AMSA

Activity 4: Docker & AWS

Authors

Ferran Aran Domingo

Oriol Agost Batalla

Pablo Fraile Alonso

Very very important 🚨

THIS ASSIGNMENT IS “DIFFICULT”! Not because the tasks themselves are hard, but because understanding what the problem is asking can be tricky. You’ll need to be familiar with certain networking concepts before you begin. We’ve linked the relevant resources below. If you feel lost at any point, please email us or stop by our office, we’re here to help.

1. Introduction

The objective for this assignment is to dockerize and orchestrate a provided API.

We’ve created an HTTP Server API, a program that communicate between different applications by defining clear rules for how data is requested, sent, and received.

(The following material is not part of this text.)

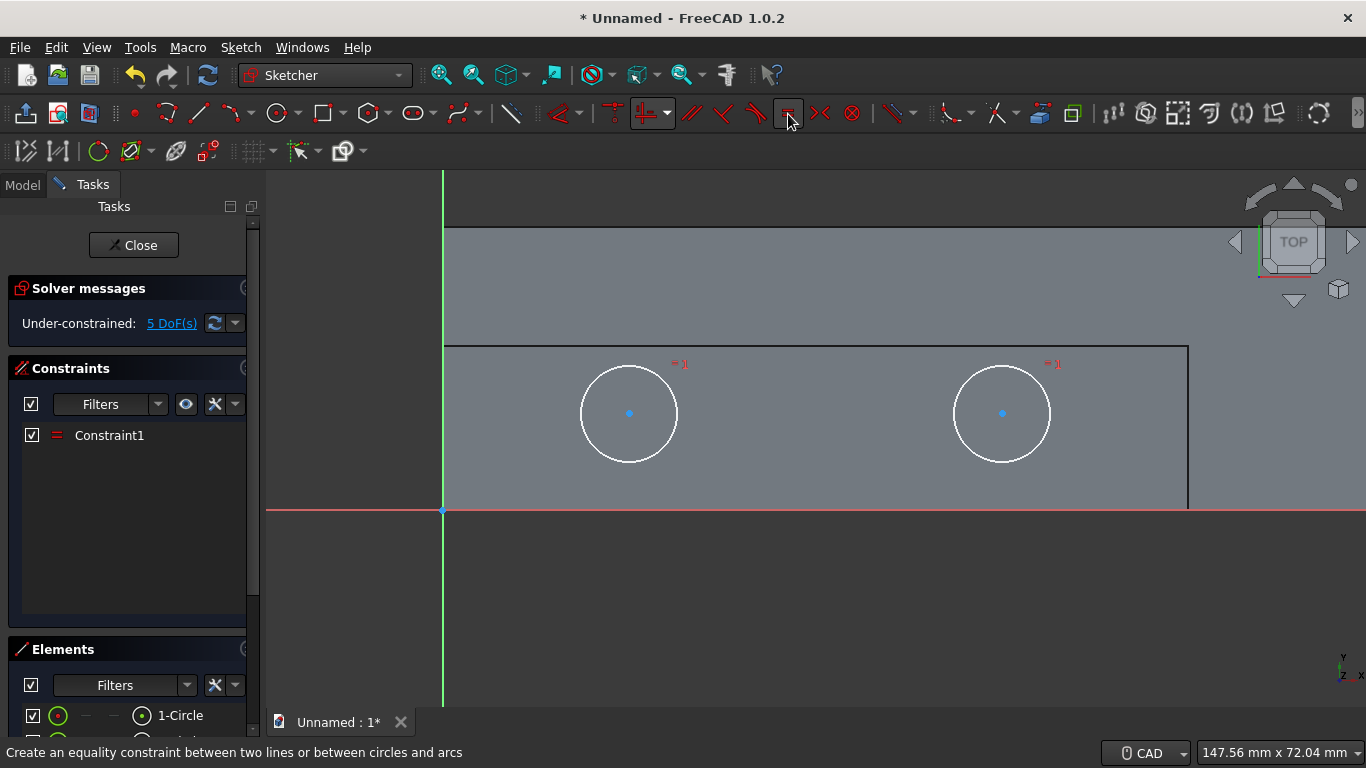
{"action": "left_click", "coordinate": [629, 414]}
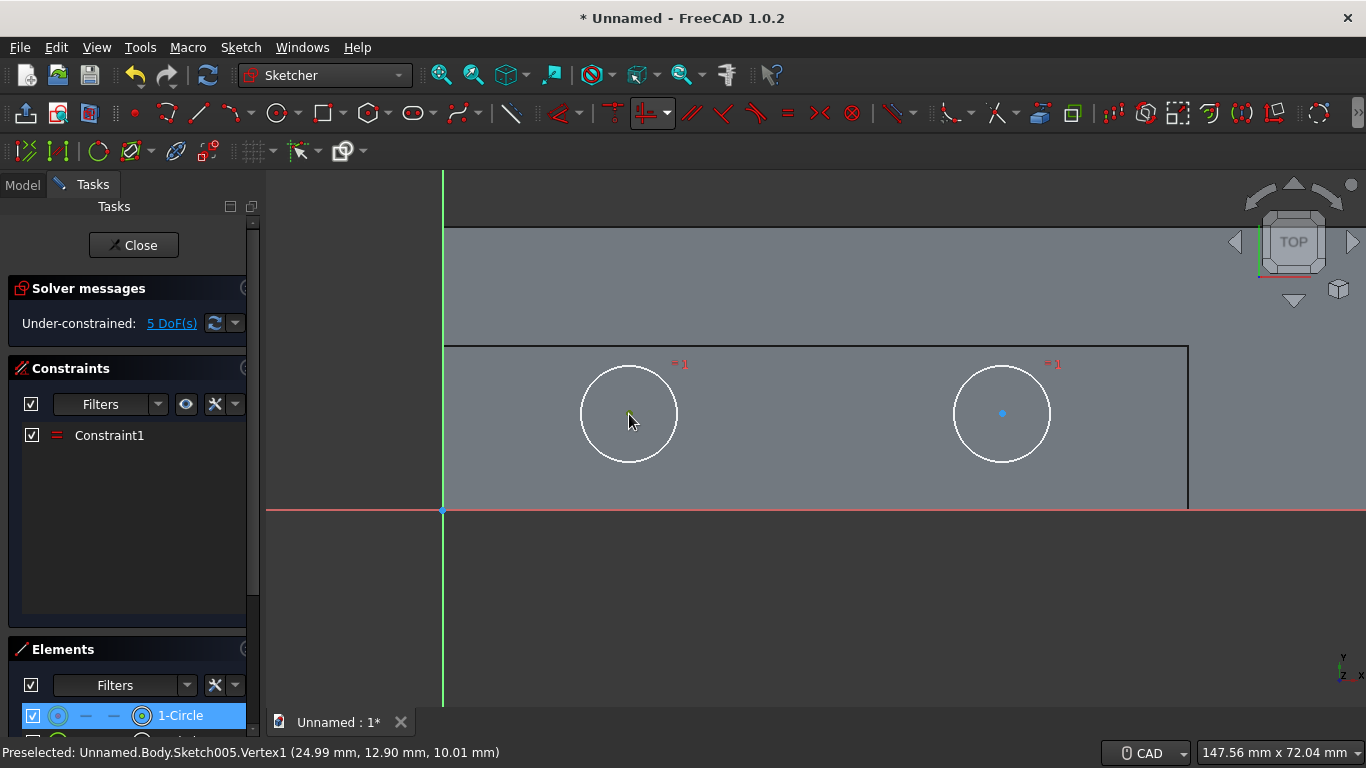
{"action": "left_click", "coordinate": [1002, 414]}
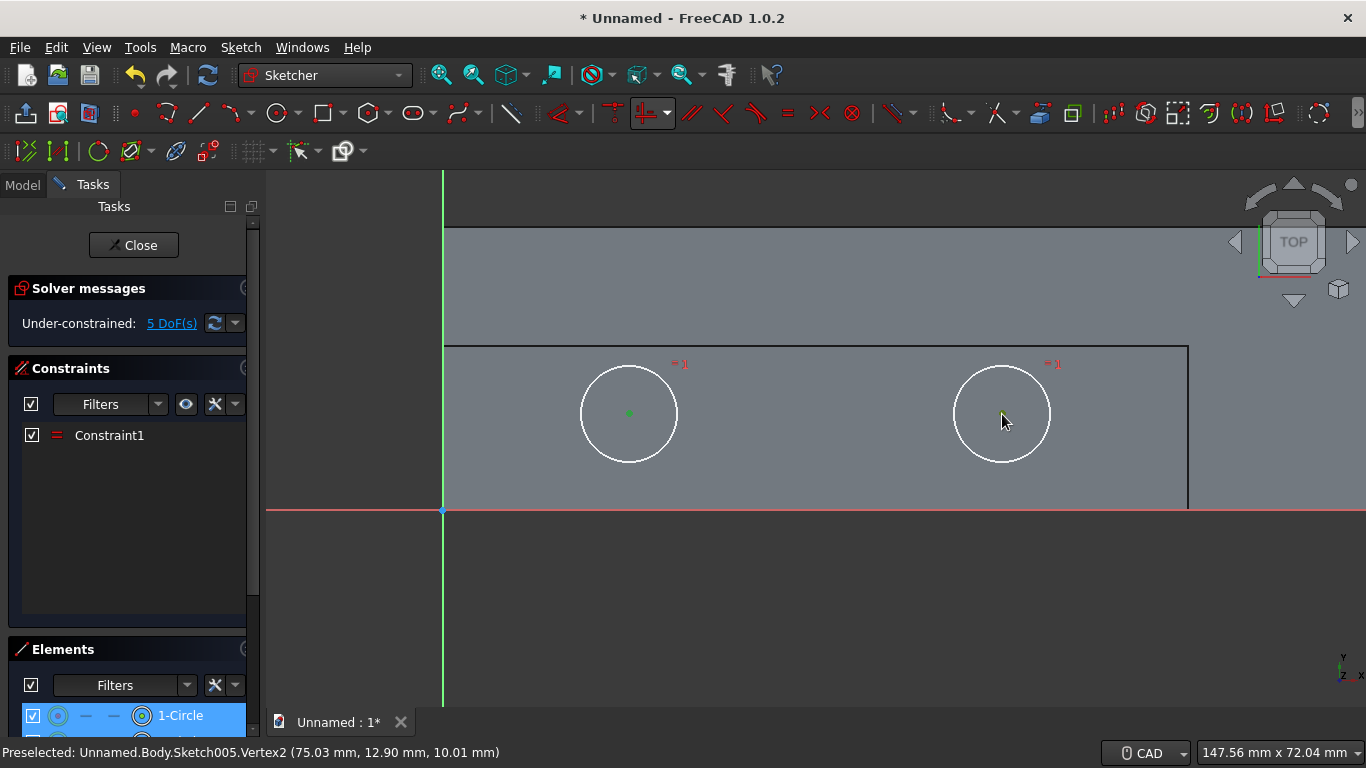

There are lots of different behaviours for APIs (and we’ll explain how ours works in the sections bellow), but they will typically have:

  • Endpoints: An API endpoint is a dedicated URL that provides access to a specific resource. For instance, the /articles endpoint in a blogging app would return all the articles of the server.
  • Method: The request’s method indicates the type of operation the client would like to perform on a given resource. REST APIs are accessible through standard HTTP methods, which perform common actions like retrieving, creating, updating, and deleting data.
  • Parameters: Parameters are the variables that are passed to an API endpoint to provide specific instructions for the API to process. These parameters can be included in the API request as part of the URL, in the query string, or in the request body. For example, the /articles endpoint of a blogging API might accept a “topic” parameter, which it would use to access and return articles on a specific topic.
  • Request body: The body is the main part of the request, and it includes the actual data that is required to create, update, or delete a resource. For instance, if you were creating a new article in a blogging app, the request body would likely include the article’s content, title, and author.

The objective of this activity is to dockerize and deploy to AWS our API, while also learning about databases in the way.

2. Delivery

Accept the assignment in Github Classroom, following the link

To complete this activity, you must do the following for each sub-delivery (PRAC-4.1, PRAC-4.2, PRAC-4.3 and PRAC-4.4):

  1. Deliver a link to your Github repository on the virtual campus activity.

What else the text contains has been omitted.